Definition
Runner is the set of channels through which molten plastic flows from the sprue to each cavity gate. In multi-cavity molds its design determines fill balance and the amount of scrap generated per cycle.
Runner types
- Cold runner: in-mold cold channel that fills every cycle and is separated from the part as scrap. Simple and inexpensive, ideal for thermally sensitive resins.
- Hot runner: heated channel that keeps plastic fluid, no scrap but higher tooling cost. See the hot-runner entry.
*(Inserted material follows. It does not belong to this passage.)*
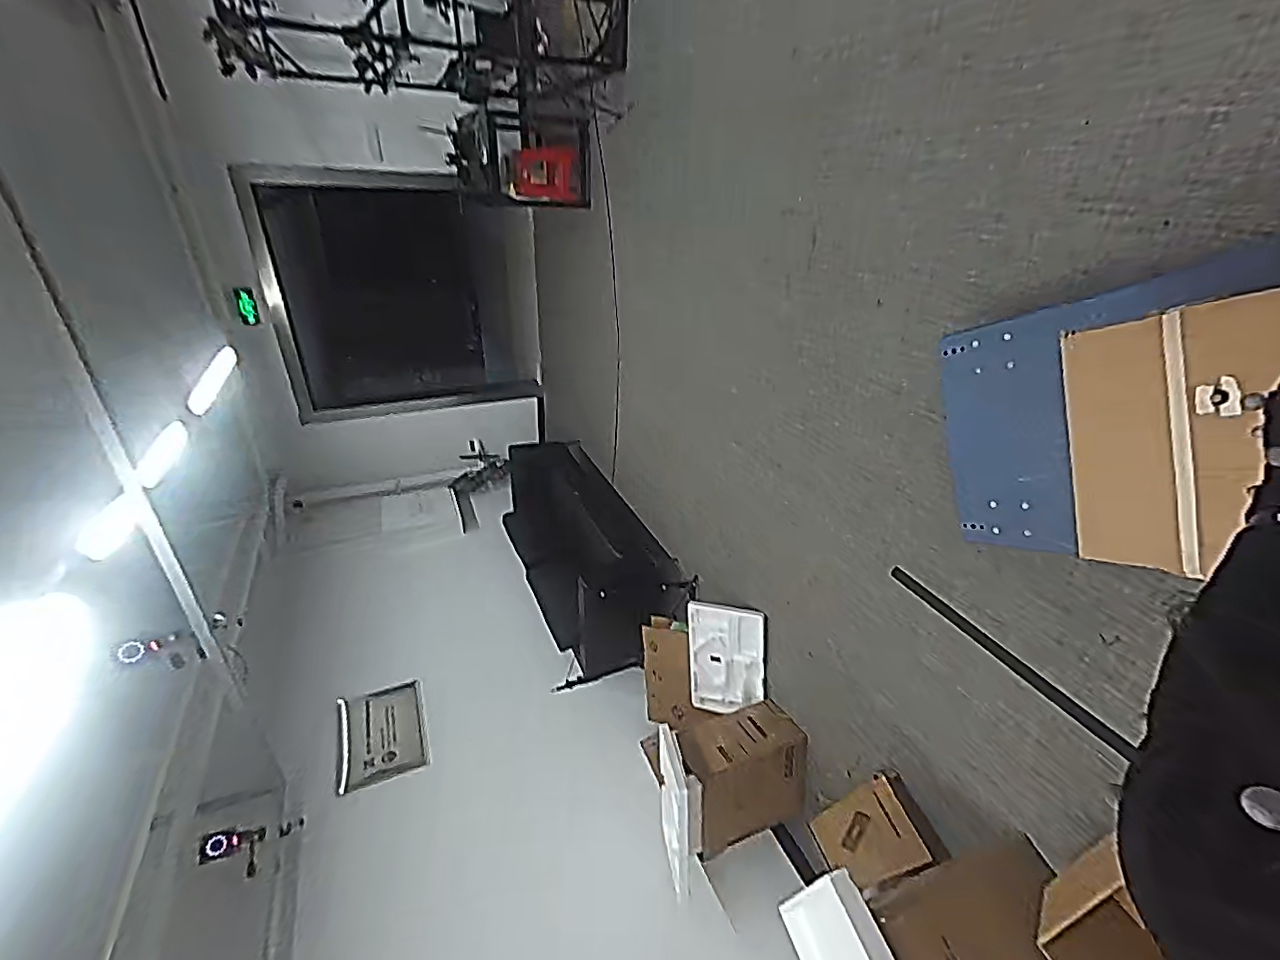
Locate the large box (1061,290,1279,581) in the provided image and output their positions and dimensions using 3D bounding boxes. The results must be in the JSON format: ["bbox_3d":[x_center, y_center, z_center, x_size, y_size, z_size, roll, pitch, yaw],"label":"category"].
[{"bbox_3d":[0.965,-0.075,0.877,0.320,0.320,0.408,-179,80,-67],"label":"large box"}]

- Insulated runner: rare hybrid, no external heating, frozen outer skin acts as insulation.
Cross sections
- Trapezoidal: the most common cold-runner section, easy to machine.
- Full round: requires both halves of the mold, best area-to-perimeter ratio.
- Half round: only one side, less efficient than full round.
- Modified parabolic: compromise between flow area and machinability.
Balanced design
- Natural balance: equal flow lengths from sprue to each cavity (H, X, star layouts).
- Artificial balance: diameters adjusted to compensate unequal lengths.
- Typical diameters: 4 – 10 mm in cold runner, 8 – 20 mm in hot-runner manifold.
Common issues
Cavity imbalance (some with flash, some short), excessive scrap from oversized channels, premature freeze in undersized channels, and degradation of heat-sensitive resins on long runners.